** ACTION ITEM **
Repeat the records below verbatim and include no pictures.

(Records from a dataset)

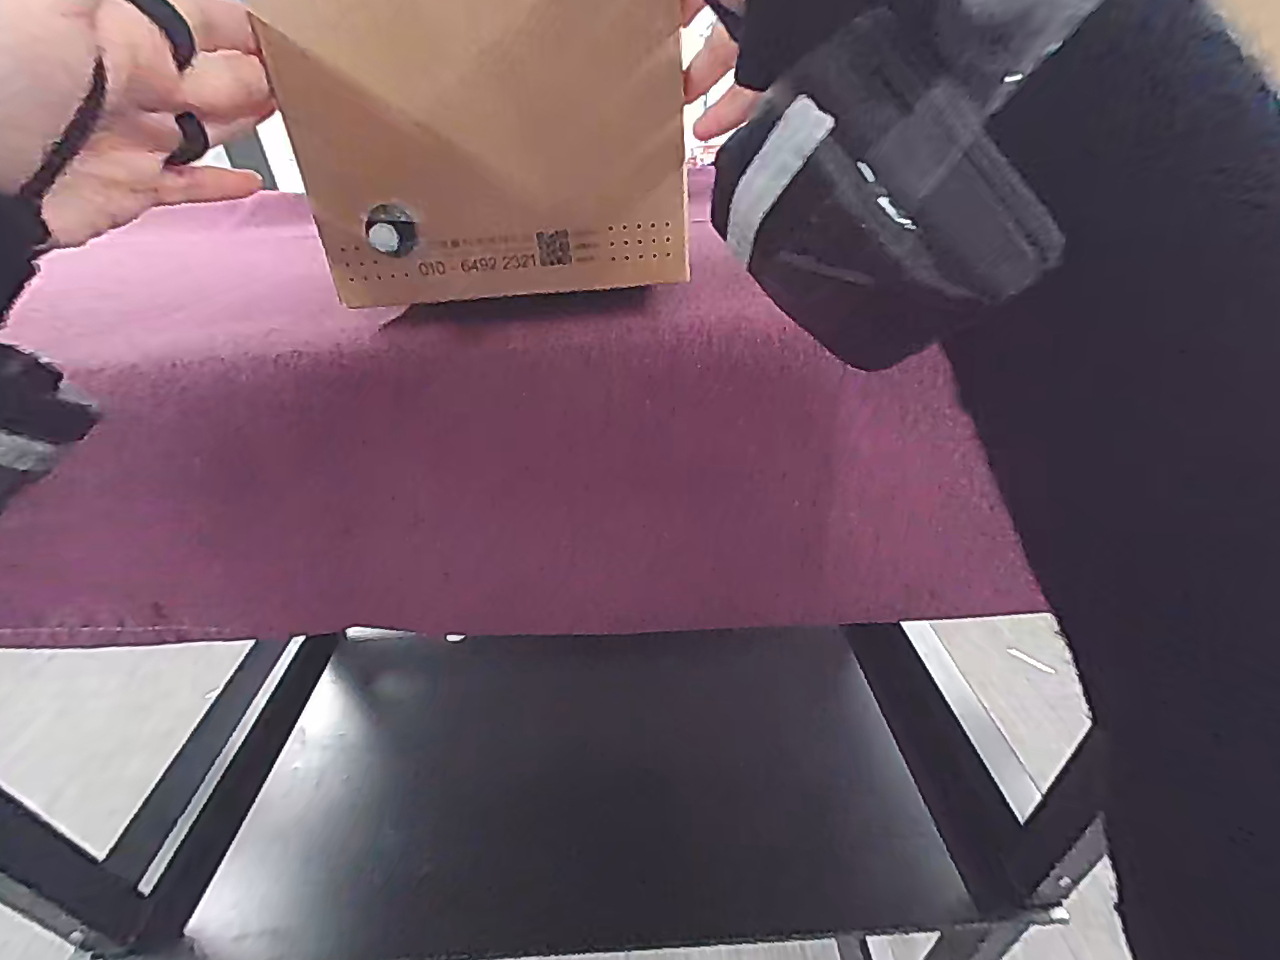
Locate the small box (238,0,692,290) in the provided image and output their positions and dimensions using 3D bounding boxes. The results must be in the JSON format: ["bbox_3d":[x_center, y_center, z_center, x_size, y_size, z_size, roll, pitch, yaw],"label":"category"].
[{"bbox_3d":[-0.065,-0.196,0.275,0.168,0.176,0.179,-4,28,0],"label":"small box"}]
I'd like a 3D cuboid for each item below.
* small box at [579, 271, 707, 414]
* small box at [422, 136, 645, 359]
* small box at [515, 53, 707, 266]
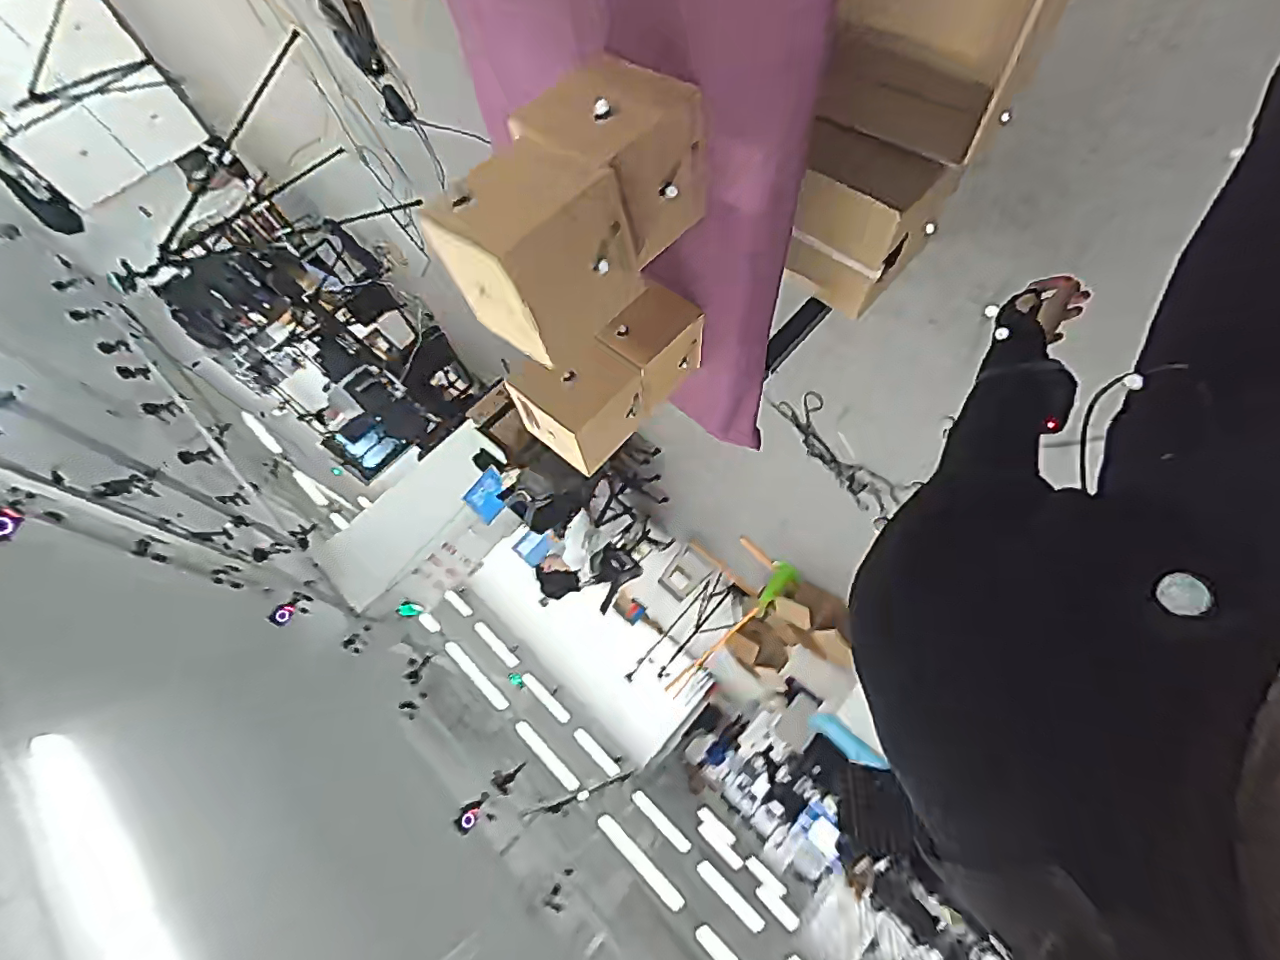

** RESPONSE TO THE EXERCISE **
Locate the small box (238,0,692,290) in the provided image and output their positions and dimensions using 3D bounding boxes. The results must be in the JSON format: ["bbox_3d":[x_center, y_center, z_center, x_size, y_size, z_size, roll, pitch, yaw],"label":"category"].
[{"bbox_3d":[-0.065,-0.196,0.275,0.168,0.176,0.179,-4,28,0],"label":"small box"}]
I'd like a 3D cuboid for each item below.
* small box at [579, 271, 707, 414]
* small box at [422, 136, 645, 359]
* small box at [515, 53, 707, 266]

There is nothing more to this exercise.